0-35) is connected to a target value transmitter for presetting a luminance target value of the light source (30-35), and for controlling the light source luminance in relation to the target value of the target value transmitter. A control device for a light source having means for generating a control signal, characterized in that there is provided means for matching the control signal to light sources of different types. 2. The means for generating a control signal and / or the means for matching the control signal to different types of light sources represent the relationship with the target value by a first control signal-target value characteristic line (1). Means for generating a first control signal value that can be represented by a second control signal-target value characteristic line (2) or another control signal-target value characteristic line. Means for generating a second control signal value and optionally other control signal values, a first control signal value (1)

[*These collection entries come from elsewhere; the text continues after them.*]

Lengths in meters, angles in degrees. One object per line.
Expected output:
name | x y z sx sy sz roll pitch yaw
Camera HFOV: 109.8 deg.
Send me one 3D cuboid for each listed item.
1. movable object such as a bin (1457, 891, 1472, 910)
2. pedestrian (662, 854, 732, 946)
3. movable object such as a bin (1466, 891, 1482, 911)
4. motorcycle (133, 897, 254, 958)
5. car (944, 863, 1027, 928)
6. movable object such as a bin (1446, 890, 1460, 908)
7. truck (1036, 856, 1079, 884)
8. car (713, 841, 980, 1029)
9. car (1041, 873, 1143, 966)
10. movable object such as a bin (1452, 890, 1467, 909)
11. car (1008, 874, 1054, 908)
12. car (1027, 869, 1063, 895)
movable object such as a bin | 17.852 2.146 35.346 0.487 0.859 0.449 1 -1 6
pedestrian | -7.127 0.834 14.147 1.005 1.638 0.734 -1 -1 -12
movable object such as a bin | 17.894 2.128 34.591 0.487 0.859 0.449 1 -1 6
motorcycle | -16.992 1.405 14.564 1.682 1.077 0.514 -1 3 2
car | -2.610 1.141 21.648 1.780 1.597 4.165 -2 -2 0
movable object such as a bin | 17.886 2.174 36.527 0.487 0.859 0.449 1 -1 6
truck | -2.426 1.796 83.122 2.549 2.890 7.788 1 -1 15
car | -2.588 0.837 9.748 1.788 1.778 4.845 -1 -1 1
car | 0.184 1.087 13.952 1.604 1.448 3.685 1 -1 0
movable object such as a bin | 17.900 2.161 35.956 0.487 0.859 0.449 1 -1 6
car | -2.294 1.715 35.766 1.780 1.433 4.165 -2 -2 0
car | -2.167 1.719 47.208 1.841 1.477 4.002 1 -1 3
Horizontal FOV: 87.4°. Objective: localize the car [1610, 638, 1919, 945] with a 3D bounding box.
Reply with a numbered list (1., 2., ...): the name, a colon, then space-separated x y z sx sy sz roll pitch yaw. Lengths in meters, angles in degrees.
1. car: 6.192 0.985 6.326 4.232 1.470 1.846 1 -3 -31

Or means (e, f, 40) for selecting the second control signal value (2) or another control signal value as required, and selectively controlling the first control signal value for controlling the brightness of the light source. 2. The device according to claim 1, wherein the control signal value (1) or the second control signal value (2) or other control signal values are used as required. 3. Apparatus according to claim 1, wherein the means for matching the control signal to the different types of light sources comprises a programmable microprocessor. 4. Apparatus according to claim 1, wherein the means for matching the control signal to different types of light sources is formed as a programmable logic circuit. 5. Apparatus according to claim 1, wherein the means for matching the control signal to the different types of light sources is formed as an analog circuit which is driven under program control. 6. The device (10, 11) is capable of outputting a control signal and is connected to at least one ballast (20-23) or to a plurality of ballasts (20-23). 2. The device according to claim 1, comprising g, h). 7. The device according to claim 1, wherein the device is a component of a ballast for illuminating a light source. 8. The means (e, f, 40) for selecting the first control signal value (1) or the second control signal value (2) or other control signal values as required. Claim 1 characterized in that it is embodied as switch means for enabling switching between one control signal value (1) and a second control signal value (2) and, if necessary, another control signal value. Item 3. The apparatus according to Item 2. 9. A means (e, f, 40) for selecting the first control signal value (1) or the second control signal value (2) or another control signal value as required. At least one independent control signal output terminal is formed as the control signal output terminal and is assigned to the first control signal value, the second control signal value (2) and, if necessary, other control signal values. 3. The device according to claim 2, wherein: 10. A first control signal-target value characteristic line (1).
3. The apparatus according to claim 2, wherein the second control signal has a substantially linear course and the second control signal-desired characteristic curve has a non-linear course. 11. A means for selecting a first control signal value or a second control signal value or other control signal values as required switches between different control signal-target value characteristic lines. 3. The device as claimed in claim 2, wherein the device is configured to receive and evaluate a control command to be activated.